-- Exercise goal --
Which lines run from the start of the material below through the line containing "Answer as semicolon-separated"? Retype them exactly, pictures excluded.

-- Data provided --
══════════════════════════════
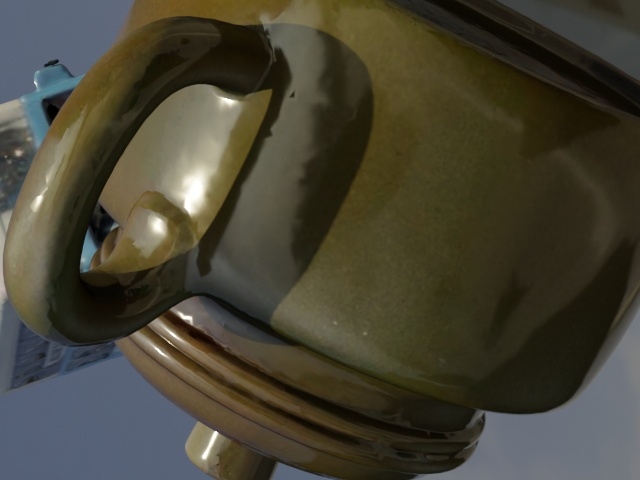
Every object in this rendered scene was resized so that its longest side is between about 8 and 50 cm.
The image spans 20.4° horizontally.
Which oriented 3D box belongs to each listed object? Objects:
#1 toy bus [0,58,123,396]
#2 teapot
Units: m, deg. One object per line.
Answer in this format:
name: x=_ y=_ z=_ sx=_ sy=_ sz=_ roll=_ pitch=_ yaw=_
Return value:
toy bus: x=-0.128 y=0.001 z=0.923 sx=0.297 sy=0.131 sz=0.106 roll=127 pitch=122 yaw=-73
teapot: x=0.000 y=0.000 z=0.558 sx=0.185 sy=0.175 sz=0.268 roll=33 pitch=-165 yaw=31
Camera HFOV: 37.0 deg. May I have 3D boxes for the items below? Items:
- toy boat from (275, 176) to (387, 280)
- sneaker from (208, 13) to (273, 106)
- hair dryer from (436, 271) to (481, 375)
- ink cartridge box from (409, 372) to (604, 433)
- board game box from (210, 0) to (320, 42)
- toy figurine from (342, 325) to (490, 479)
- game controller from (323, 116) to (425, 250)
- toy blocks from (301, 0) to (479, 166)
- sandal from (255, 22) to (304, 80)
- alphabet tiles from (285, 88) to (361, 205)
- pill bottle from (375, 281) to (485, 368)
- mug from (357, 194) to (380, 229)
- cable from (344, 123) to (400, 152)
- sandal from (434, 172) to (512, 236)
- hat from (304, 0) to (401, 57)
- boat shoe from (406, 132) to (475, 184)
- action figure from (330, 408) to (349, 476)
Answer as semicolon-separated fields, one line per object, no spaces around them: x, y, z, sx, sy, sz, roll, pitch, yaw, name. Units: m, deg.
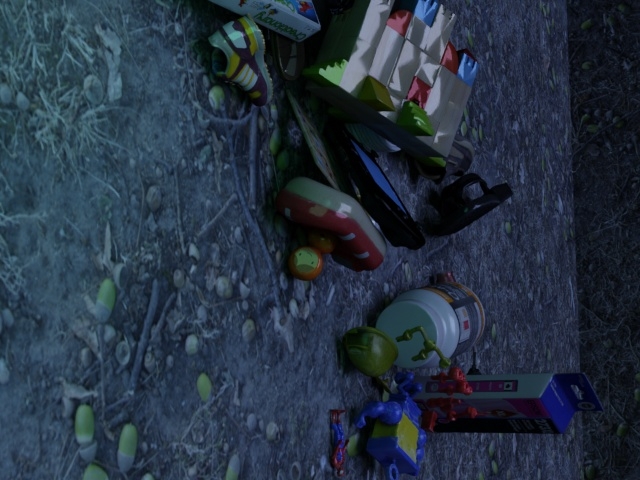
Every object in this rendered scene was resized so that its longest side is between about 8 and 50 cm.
══════════════════════════════
-- Exercise answer --
Every object in this rendered scene was resized so that its longest side is between about 8 and 50 cm.
The image spans 20.4° horizontally.
Which oriented 3D box belongs to each listed object? Objects:
#1 toy bus [0,58,123,396]
#2 teapot
Units: m, deg. One object per line.
Answer in this format:
name: x=_ y=_ z=_ sx=_ sy=_ sz=_ roll=_ pitch=_ yaw=_
Return value:
toy bus: x=-0.128 y=0.001 z=0.923 sx=0.297 sy=0.131 sz=0.106 roll=127 pitch=122 yaw=-73
teapot: x=0.000 y=0.000 z=0.558 sx=0.185 sy=0.175 sz=0.268 roll=33 pitch=-165 yaw=31
Camera HFOV: 37.0 deg. May I have 3D boxes for the items below? Items:
- toy boat from (275, 176) to (387, 280)
- sneaker from (208, 13) to (273, 106)
- hair dryer from (436, 271) to (481, 375)
- ink cartridge box from (409, 372) to (604, 433)
- board game box from (210, 0) to (320, 42)
- toy figurine from (342, 325) to (490, 479)
- game controller from (323, 116) to (425, 250)
- toy blocks from (301, 0) to (479, 166)
- sandal from (255, 22) to (304, 80)
- alphabet tiles from (285, 88) to (361, 205)
- pill bottle from (375, 281) to (485, 368)
- mug from (357, 194) to (380, 229)
- cable from (344, 123) to (400, 152)
- sandal from (434, 172) to (512, 236)
- hat from (304, 0) to (401, 57)
- boat shoe from (406, 132) to (475, 184)
- action figure from (330, 408) to (349, 476)
Answer as semicolon-separated fields, one line per object, no spaces around them: x, y, z, sx, sy, sz, roll, pitch, yaw, name. Units: m, deg.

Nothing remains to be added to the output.